What can we do to get “unstuck”? What can we do to fight back?

It starts with your mind. 

Fear of Failure Can Destroy Our Dreams

“Remember that failure is an event, not a person.”  Zig Zigler

What a great quote! All too often we look at failure on a personal level, and then we “hold onto it.” Instead of thinking of failure as a singular event, often we let it sneak into our subconscious. It can define us or limit us.  We remember the failure; the hurt, embarrassment and or pain it caused and we never want to go back there. It then becomes the fear of failure that holds so many of us back. It stops us from dreaming big or acting on our dreams.

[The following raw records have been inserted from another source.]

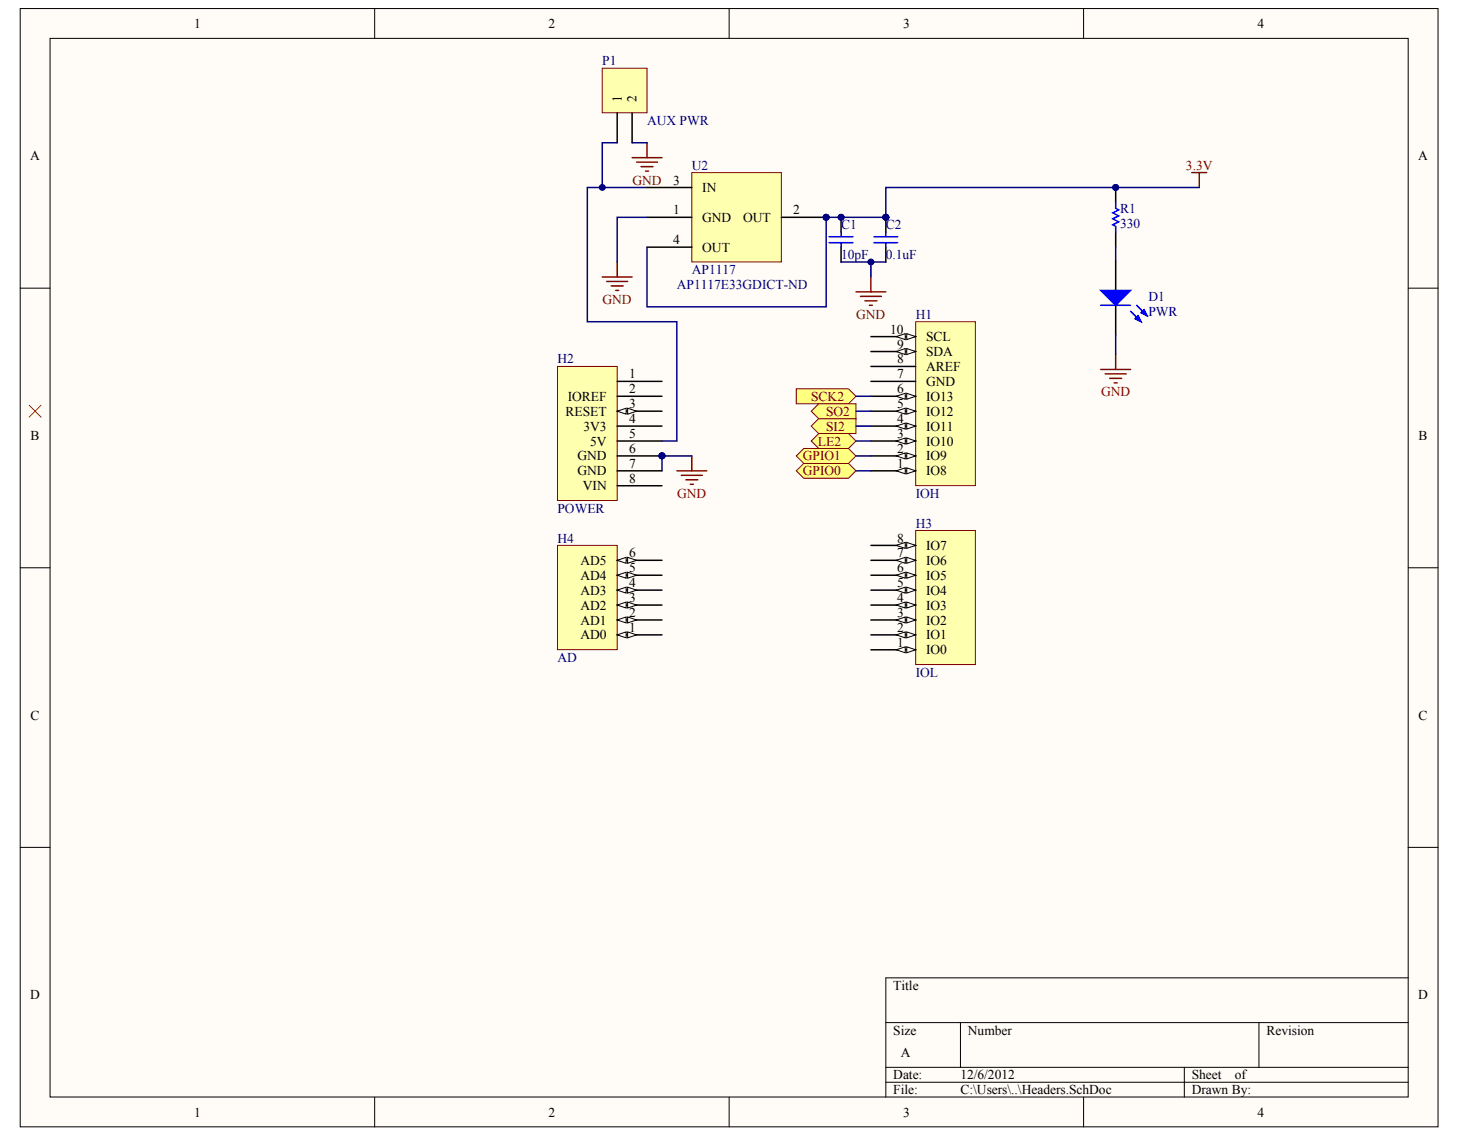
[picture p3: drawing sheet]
<svg xmlns="http://www.w3.org/2000/svg" width="258mm" height="201mm" viewBox="0 0 258 201" stroke-linecap="round" stroke-linejoin="round" font-family="sans-serif">
<defs><g id="words">
<g font-size="2.4">
<text x="34.2" y="4.9">1</text>
<text x="96.8" y="4.9">2</text>
<text x="159.3" y="4.9">3</text>
<text x="221.8" y="4.9">4</text>
<text x="109.7" y="18.1" transform="rotate(-90 109.7 18.1)">1</text>
<text x="112.3" y="18.1" transform="rotate(-90 112.3 18.1)">2</text>
<text x="5.3" y="28.3">A</text>
<text x="250.2" y="28.3">A</text>
<text x="118.7" y="32.6">3</text>
<text x="123.9" y="33.9">IN</text>
<text x="118.7" y="37.8">1</text>
<text x="123.9" y="39.1">GND</text>
<text x="131.1" y="39.1">OUT</text>
<text x="139.9" y="37.8">2</text>
<text x="118.7" y="43.1">4</text>
<text x="123.9" y="44.4">OUT</text>
<text x="157" y="58.9">10</text>
<text x="158.2" y="64.1">8</text>
<text x="158.2" y="61.5">9</text>
<text x="163.4" y="65.4">AREF</text>
<text x="163.4" y="62.8">SDA</text>
<text x="163.4" y="60.2">SCL</text>
<text x="100.1" y="70.7">IOREF</text>
<text x="111" y="66.8">1</text>
<text x="111" y="69.4">2</text>
<text x="158.2" y="69.4">6</text>
<text x="158.2" y="66.8">7</text>
<text x="163.4" y="70.7">IO13</text>
<text x="163.4" y="68.1">GND</text>
<text x="5.4" y="77.6">B</text>
<text x="99.8" y="73.3">RESET</text>
<text x="102.9" y="76">3V3</text>
<text x="111" y="72">3</text>
<text x="111" y="74.6">4</text>
<text x="111" y="77.3">5</text>
<text x="158.2" y="77.3">3</text>
<text x="158.2" y="74.6">4</text>
<text x="158.2" y="72">5</text>
<text x="163.4" y="76">IO11</text>
<text x="163.4" y="73.3">IO12</text>
<text x="250.2" y="77.6">B</text>
<text x="101.9" y="81.2">GND</text>
<text x="101.9" y="83.8">GND</text>
<text x="104.1" y="78.6">5V</text>
<text x="111" y="79.9">6</text>
<text x="111" y="82.5">7</text>
<text x="158.2" y="82.5">1</text>
<text x="158.2" y="79.9">2</text>
<text x="163.4" y="83.8">IO8</text>
<text x="163.4" y="81.2">IO9</text>
<text x="163.4" y="78.6">IO10</text>
<text x="102.8" y="86.5">VIN</text>
<text x="111" y="85.2">8</text>
<text x="158.2" y="95.7">8</text>
<text x="102.4" y="99.6">AD5</text>
<text x="111" y="100.9">5</text>
<text x="111" y="98.3">6</text>
<text x="158.2" y="100.9">6</text>
<text x="158.2" y="98.3">7</text>
<text x="163.4" y="99.6">IO6</text>
<text x="163.4" y="97">IO7</text>
<text x="102.4" y="107.5">AD2</text>
<text x="102.4" y="104.9">AD3</text>
<text x="102.4" y="102.3">AD4</text>
<text x="111" y="106.2">3</text>
<text x="111" y="103.6">4</text>
<text x="158.2" y="106.2">4</text>
<text x="158.2" y="103.6">5</text>
<text x="163.4" y="107.5">IO3</text>
<text x="163.4" y="104.9">IO4</text>
<text x="163.4" y="102.3">IO5</text>
<text x="102.4" y="112.8">AD0</text>
<text x="102.4" y="110.2">AD1</text>
<text x="111" y="111.5">1</text>
<text x="111" y="108.8">2</text>
<text x="158.2" y="108.8">3</text>
<text x="158.2" y="111.5">2</text>
<text x="163.4" y="110.2">IO2</text>
<text x="163.4" y="112.8">IO1</text>
<text x="158.2" y="114.1">1</text>
<text x="163.4" y="115.4">IO0</text>
<text x="5.4" y="126.9">C</text>
<text x="250.2" y="126.9">C</text>
<text x="5.3" y="176.3">D</text>
<text x="157.6" y="174.6">Title</text>
<text x="250.2" y="176.3">D</text>
<text x="157.6" y="182.5">Size</text>
<text x="170.7" y="182.5">Number</text>
<text x="223.4" y="182.5">Revision</text>
<text x="157.6" y="190.4">Date:</text>
<text x="158.9" y="186.4">A</text>
<text x="169.4" y="190.4">12/6/2012</text>
<text x="210.2" y="190.4">Sheet</text>
<text x="217.8" y="190.4">of</text>
<text x="34.2" y="197">1</text>
<text x="96.8" y="197">2</text>
<text x="157.6" y="193">File:</text>
<text x="159.3" y="197">3</text>
<text x="169.4" y="193">C:\Users\..\Headers.SchDoc</text>
<text x="210.2" y="193">Drawn By:</text>
<text x="221.8" y="197">4</text>
</g>
<g font-size="2.4" fill="#000080">
<text x="106.2" y="11.5">P1</text>
<text x="114.1" y="22">AUX PWR</text>
<text x="122" y="29.9">U2</text>
<text x="148.4" y="40.4">C1</text>
<text x="156.2" y="40.4">C2</text>
<text x="197.6" y="40.2">330</text>
<text x="197.6" y="37.6">R1</text>
<text x="148.4" y="45.7">10pF</text>
<text x="156.2" y="45.7">0.1uF</text>
<text x="119.4" y="51">AP1117E33GDICT-ND</text>
<text x="122" y="48.3">AP1117</text>
<text x="202.6" y="53.1">D1</text>
<text x="161.5" y="56.2">H1</text>
<text x="202.6" y="55.7">PWR</text>
<text x="98.3" y="64.1">H2</text>
<text x="161.5" y="87.8">IOH</text>
<text x="98.3" y="95.7">H4</text>
<text x="98.3" y="90.4">POWER</text>
<text x="161.5" y="93.1">H3</text>
<text x="98.3" y="116.7">AD</text>
<text x="161.5" y="119.4">IOL</text>
</g>
<g font-size="2.4" fill="#800000">
<text x="209.2" y="29.9">3.3V</text>
<text x="111.6" y="32.6">GND</text>
<text x="106.3" y="53.6">GND</text>
<text x="151" y="56.2">GND</text>
<text x="143.1" y="70.7">SCK2</text>
<text x="194.2" y="69.9">GND</text>
<text x="145.7" y="76">SI2</text>
<text x="145.7" y="73.3">SO2</text>
<text x="141.6" y="83.8">GPIO0</text>
<text x="141.6" y="81.2">GPIO1</text>
<text x="144.3" y="78.6">LE2</text>
<text x="119.4" y="87.8">GND</text>
</g>
</g></defs>
<g fill="#fffcf8" stroke="#000" stroke-width=".18">
<path d="M3.6 1.5h250.1v197.3h-250.1z"/>
<path d="M8.8 6.8h239.6v186.7h-239.6z"/>
</g>
<g fill="none" stroke="#000" stroke-width=".18">
<path d="M66.1 1.5v5.3M128.6 1.5v5.3M191.1 1.5v5.3M3.6 50.8h5.2M248.4 50.8h5.3M3.6 100.1h5.2M248.4 100.1h5.3M3.6 149.5h5.2M248.4 149.5h5.3M248.4 172.5h-92.1v21M66.1 193.5v5.3M128.6 193.5v5.3"/>
<path d="M156.3 180.4h92.1M156.3 188.3h92.1M156.3 190.9h92.1M169.4 180.4v7.9M191.1 193.5v5.3M208.9 188.3v5.2M222.1 180.4v7.9"/>
</g>
<path d="M210.2 30.4h2.7M211.5 30.4v2.7M119.4 83.1h5.3M120.2 83.8h3.7M121 84.6h2.1M121.8 85.4h.5M122 80.4v2.7" fill="none" stroke="#800000" stroke-width=".26"/>
<path d="M161.5 93.6h10.5v23.6h-10.5z" fill="#ffffb0" stroke="#800000" stroke-width=".18"/>
<path d="M153.6 114.6h7.9" fill="none" stroke="#000" stroke-width=".26"/>
<g fill="#fffcf8" stroke="#000" stroke-width=".18">
<path d="M159.9 114.1l1.6 .5-1.6 .5z"/>
<path d="M158.1 114.6l1.6-.5v1z"/>
</g>
<path d="M153.6 109.4h7.9" fill="none" stroke="#000" stroke-width=".26"/>
<g fill="#fffcf8" stroke="#000" stroke-width=".18">
<path d="M159.9 108.8l1.6 .6-1.6 .5z"/>
<path d="M158.1 109.4l1.6-.6v1.1z"/>
</g>
<path d="M153.6 106.7h7.9" fill="none" stroke="#000" stroke-width=".26"/>
<g fill="#fffcf8" stroke="#000" stroke-width=".18">
<path d="M159.9 106.2l1.6 .5-1.6 .6z"/>
<path d="M158.1 106.7l1.6-.5v1.1z"/>
</g>
<path d="M153.6 104.1h7.9" fill="none" stroke="#000" stroke-width=".26"/>
<g fill="#fffcf8" stroke="#000" stroke-width=".18">
<path d="M159.9 103.6l1.6 .5-1.6 .5z"/>
<path d="M158.1 104.1l1.6-.5v1z"/>
</g>
<path d="M153.6 101.5h7.9" fill="none" stroke="#000" stroke-width=".26"/>
<g fill="#fffcf8" stroke="#000" stroke-width=".18">
<path d="M159.9 100.9l1.6 .6-1.6 .5z"/>
<path d="M158.1 101.5l1.6-.6v1.1z"/>
</g>
<path d="M153.6 98.8h7.9" fill="none" stroke="#000" stroke-width=".26"/>
<g fill="#fffcf8" stroke="#000" stroke-width=".18">
<path d="M159.9 98.3l1.6 .5-1.6 .6z"/>
<path d="M158.1 98.8l1.6-.5v1.1z"/>
</g>
<path d="M153.6 96.2h7.9" fill="none" stroke="#000" stroke-width=".26"/>
<g fill="#fffcf8" stroke="#000" stroke-width=".18">
<path d="M159.9 95.7l1.6 .5-1.6 .5z"/>
<path d="M158.1 96.2l1.6-.5v1z"/>
</g>
<path d="M153.6 112h7.9" fill="none" stroke="#000" stroke-width=".26"/>
<g fill="#fffcf8" stroke="#000" stroke-width=".18">
<path d="M159.9 111.5l1.6 .5-1.6 .5z"/>
<path d="M158.1 112l1.6-.5v1z"/>
</g>
<path d="M98.3 96.2h10.6v18.4h-10.6z" fill="#ffffb0" stroke="#800000" stroke-width=".18"/>
<path d="M108.9 112h7.9" fill="none" stroke="#000" stroke-width=".26"/>
<g fill="#fffcf8" stroke="#000" stroke-width=".18">
<path d="M108.9 112l1.5-.5v1z"/>
<path d="M110.7 111.5l1.6 .5-1.6 .5z"/>
</g>
<path d="M108.9 109.4h7.9" fill="none" stroke="#000" stroke-width=".26"/>
<g fill="#fffcf8" stroke="#000" stroke-width=".18">
<path d="M108.9 109.4l1.5-.6v1.1z"/>
<path d="M110.7 108.8l1.6 .6-1.6 .5z"/>
</g>
<path d="M108.9 106.7h7.9" fill="none" stroke="#000" stroke-width=".26"/>
<g fill="#fffcf8" stroke="#000" stroke-width=".18">
<path d="M108.9 106.7l1.5-.5v1.1z"/>
<path d="M110.7 106.2l1.6 .5-1.6 .6z"/>
</g>
<path d="M108.9 104.1h7.9" fill="none" stroke="#000" stroke-width=".26"/>
<g fill="#fffcf8" stroke="#000" stroke-width=".18">
<path d="M108.9 104.1l1.5-.5v1z"/>
<path d="M110.7 103.6l1.6 .5-1.6 .5z"/>
</g>
<path d="M108.9 101.5h7.9" fill="none" stroke="#000" stroke-width=".26"/>
<g fill="#fffcf8" stroke="#000" stroke-width=".18">
<path d="M108.9 101.5l1.5-.6v1.1z"/>
<path d="M110.7 100.9l1.6 .6-1.6 .5z"/>
</g>
<path d="M108.9 98.8h7.9" fill="none" stroke="#000" stroke-width=".26"/>
<g fill="#fffcf8" stroke="#000" stroke-width=".18">
<path d="M108.9 98.8l1.5-.5v1.1z"/>
<path d="M110.7 98.3l1.6 .5-1.6 .6z"/>
</g>
<g fill="#ffff80" stroke="#800000" stroke-width=".18">
<path d="M140.5 68.6h9.2l1.3 1.3-1.3 1.3h-9.2z" fill-rule="evenodd"/>
<path d="M143.1 75.2l1.3-1.4h6.6v2.7h-6.6z" fill-rule="evenodd"/>
</g>
<path d="M161.5 56.7h10.5v29h-10.5z" fill="#ffffb0" stroke="#800000" stroke-width=".18"/>
<path d="M153.6 83.1h7.9" fill="none" stroke="#000" stroke-width=".26"/>
<g fill="#fffcf8" stroke="#000" stroke-width=".18">
<path d="M159.9 82.5l1.6 .6-1.6 .5z"/>
<path d="M158.1 83.1l1.6-.6v1.1z"/>
</g>
<path d="M153.6 80.4h7.9" fill="none" stroke="#000" stroke-width=".26"/>
<g fill="#fffcf8" stroke="#000" stroke-width=".18">
<path d="M159.9 79.9l1.6 .5-1.6 .5z"/>
<path d="M158.1 80.4l1.6-.5v1z"/>
</g>
<path d="M153.6 77.8h7.9" fill="none" stroke="#000" stroke-width=".26"/>
<g fill="#fffcf8" stroke="#000" stroke-width=".18">
<path d="M159.9 77.3l1.6 .5-1.6 .5z"/>
<path d="M158.1 77.8l1.6-.5v1z"/>
</g>
<path d="M153.6 75.2h7.9" fill="none" stroke="#000" stroke-width=".26"/>
<g fill="#fffcf8" stroke="#000" stroke-width=".18">
<path d="M159.9 74.6l1.6 .6-1.6 .5z"/>
<path d="M158.1 75.2l1.6-.6v1.1z"/>
</g>
<path d="M153.6 72.5h7.9" fill="none" stroke="#000" stroke-width=".26"/>
<g fill="#fffcf8" stroke="#000" stroke-width=".18">
<path d="M159.9 72l1.6 .5-1.6 .6z"/>
<path d="M158.1 72.5l1.6-.5v1.1z"/>
</g>
<path d="M153.6 69.9h7.9" fill="none" stroke="#000" stroke-width=".26"/>
<g fill="#fffcf8" stroke="#000" stroke-width=".18">
<path d="M159.9 69.4l1.6 .5-1.6 .5z"/>
<path d="M158.1 69.9l1.6-.5v1z"/>
</g>
<path d="M153.6 67.3h7.9M153.6 64.6h7.9M153.6 62h7.9" fill="none" stroke="#000" stroke-width=".26"/>
<g fill="#fffcf8" stroke="#000" stroke-width=".18">
<path d="M159.9 61.5l1.6 .5-1.6 .5z"/>
<path d="M158.1 62l1.6-.5v1z"/>
</g>
<path d="M153.6 59.4h7.9" fill="none" stroke="#000" stroke-width=".26"/>
<g fill="#fffcf8" stroke="#000" stroke-width=".18">
<path d="M159.9 58.9l1.6 .5-1.6 .5z"/>
<path d="M158.1 59.4l1.6-.5v1z"/>
</g>
<path d="M5.1 71.5l2.1 2.1M7.2 71.5l-2.1 2.1" fill="none" stroke="#f00" stroke-width=".18"/>
<path d="M106.2 48.9h5.3M107 49.6h3.7M107.8 50.4h2.1M108.6 51.2h.5M108.9 46.2v2.7M151 51.5h5.3M151.8 52.3h3.7M152.6 53.1h2.1M153.4 53.9h.5M153.6 48.9v2.6" fill="none" stroke="#800000" stroke-width=".26"/>
<path d="M148.4 38.3v2.7M156.3 38.3v2.7M148.4 43.6v2.6M156.3 43.6v2.6" fill="none" stroke="#000" stroke-width=".26"/>
<g fill="#000080" stroke="#000080" stroke-width=".18">
<circle cx="148.4" cy="38.3" r=".52"/>
<circle cx="156.3" cy="38.3" r=".52"/>
<circle cx="153.6" cy="46.2" r=".52"/>
</g>
<path d="M146.2 42.8h4.3M146.2 41.8h4.3M148.4 41v.8M148.4 42.8v.8M154.1 42.8h4.3M154.1 41.8h4.3M156.3 41v.8M156.3 42.8v.8" fill="none" stroke="#00f" stroke-width=".26"/>
<path d="M148.4 46.2h7.9M153.6 46.2v2.7M151 83.1h2.6" fill="none" stroke="#000080" stroke-width=".26"/>
<path d="M98.3 64.6h10.6v23.7h-10.6z" fill="#ffffb0" stroke="#800000" stroke-width=".18"/>
<path d="M108.9 67.3h7.9M108.9 69.9h7.9M108.9 72.5h7.9" fill="none" stroke="#000" stroke-width=".26"/>
<g fill="#fffcf8" stroke="#000" stroke-width=".18">
<path d="M108.9 72.5l1.5-.5v1.1z"/>
<path d="M110.7 72l1.6 .5-1.6 .6z"/>
</g>
<path d="M108.9 75.2h7.9M108.9 77.8h7.9M108.9 80.4h7.9M108.9 83.1h7.9M108.9 85.7h7.9" fill="none" stroke="#000" stroke-width=".26"/>
<circle cx="116.8" cy="80.4" r=".52" fill="#000080" stroke="#000080" stroke-width=".18"/>
<path d="M114.1 33.1h-10.5v23.6h15.8v21.1h-2.6M122 80.4h-5.2v2.7" fill="none" stroke="#000080" stroke-width=".26"/>
<path d="M140.5 83.1l1.3-1.4h7.9l1.3 1.4-1.3 1.3h-7.9z" fill-rule="evenodd" fill="#ffff80" stroke="#800000" stroke-width=".18"/>
<path d="M106.2 12h7.9v7.9h-7.9z" fill="#ffffb0" stroke="#800000" stroke-width=".18"/>
<path d="M108.9 19.9v5.3M111.5 19.9v5.3M196.8 33.1v2.6M196.8 41v2.6M196.8 46v5.2M196.8 53.9v5.2" fill="none" stroke="#000" stroke-width=".26"/>
<path d="M108.9 25.2h-2.7v7.9M111.5 25.2h2.6M196.8 43.6v2.4M196.8 59.1v3.4" fill="none" stroke="#000080" stroke-width=".26"/>
<g fill="#000080" stroke="#000080" stroke-width=".18">
<circle cx="106.2" cy="33.1" r=".52"/>
<circle cx="196.8" cy="33.1" r=".52"/>
</g>
<path d="M111.5 27.8h5.3M112.3 28.6h3.7M113.1 29.4h2.1M113.9 30.2h.5M114.1 25.2v2.6M194.2 65.2h5.2M194.9 66h3.7M195.7 66.7h2.1M196.5 67.5h.6M196.8 62.5v2.7" fill="none" stroke="#800000" stroke-width=".26"/>
<g fill="#00f" stroke="#00f" stroke-width=".26">
<path d="M194.2 51.2h5.2l-2.6 2.7z"/>
<path d="M200.2 56.2l.5-.5 .6 1z"/>
<path d="M201.3 55.2l.5-.6 .5 1.1z"/>
</g>
<path d="M196.8 35.7v1.1l.5 .2-1 .5 1 .6-1 .5 1 .5-1 .5 .5 .3v1.1M194.2 53.9h5.2M199.4 54.9l1.9 1.8M200.5 53.9l1.8 1.8" fill="none" stroke="#00f" stroke-width=".26"/>
<path d="M122 30.4h15.8v15.8h-15.8z" fill="#ffffb0" stroke="#800000" stroke-width=".18"/>
<path d="M114.1 38.3h7.9M114.1 33.1h7.9M137.8 38.3h7.9M114.1 43.6h7.9" fill="none" stroke="#000" stroke-width=".26"/>
<g fill="#000080" stroke="#000080" stroke-width=".18">
<circle cx="145.7" cy="38.3" r=".52"/>
<circle cx="156.3" cy="38.3" r=".52"/>
</g>
<path d="M114.1 38.3h-5.2v7.9M211.5 33.1h-55.2v5.2h-10.6v15.8h-31.6v-10.5" fill="none" stroke="#000080" stroke-width=".26"/>
<path d="M140.5 80.4l1.3-1.3h7.9l1.3 1.3-1.3 1.3h-7.9z" fill-rule="evenodd" fill="#ffff80" stroke="#800000" stroke-width=".18"/>
<path d="M151 69.9h2.6M151 75.2h2.6M151 80.4h2.6" fill="none" stroke="#000080" stroke-width=".26"/>
<path d="M143.1 77.8l1.3-1.3h5.3l1.3 1.3-1.3 1.3h-5.3z" fill-rule="evenodd" fill="#ffff80" stroke="#800000" stroke-width=".18"/>
<path d="M151 77.8h2.6" fill="none" stroke="#000080" stroke-width=".26"/>
<path d="M143.1 72.5l1.3-1.3h6.6v2.6h-6.6z" fill-rule="evenodd" fill="#ffff80" stroke="#800000" stroke-width=".18"/>
<path d="M151 72.5h2.6" fill="none" stroke="#000080" stroke-width=".26"/>
<use href="#words"/>
</svg>

Author Steven K. Scott in his book “Simple Steps to Impossible Dreams” defines Failure: “an event in which you did not achieve your desired outcome.”  That does not sound so bad; read his definition again.

He goes on to write, Failure’s role: “Any failure you experience can be: (1) a great teacher; even a powerful mentor to your future success, or (2) a tyrannical dictator that can drastically limit or even destroy all hopes of future success.”

The lesson here is: We have a choice! We can decide how we want to view failure. What did you learn from your last failure? How has it made you act differently? Has it changed your behavior?

What lesson did you learn from that failure?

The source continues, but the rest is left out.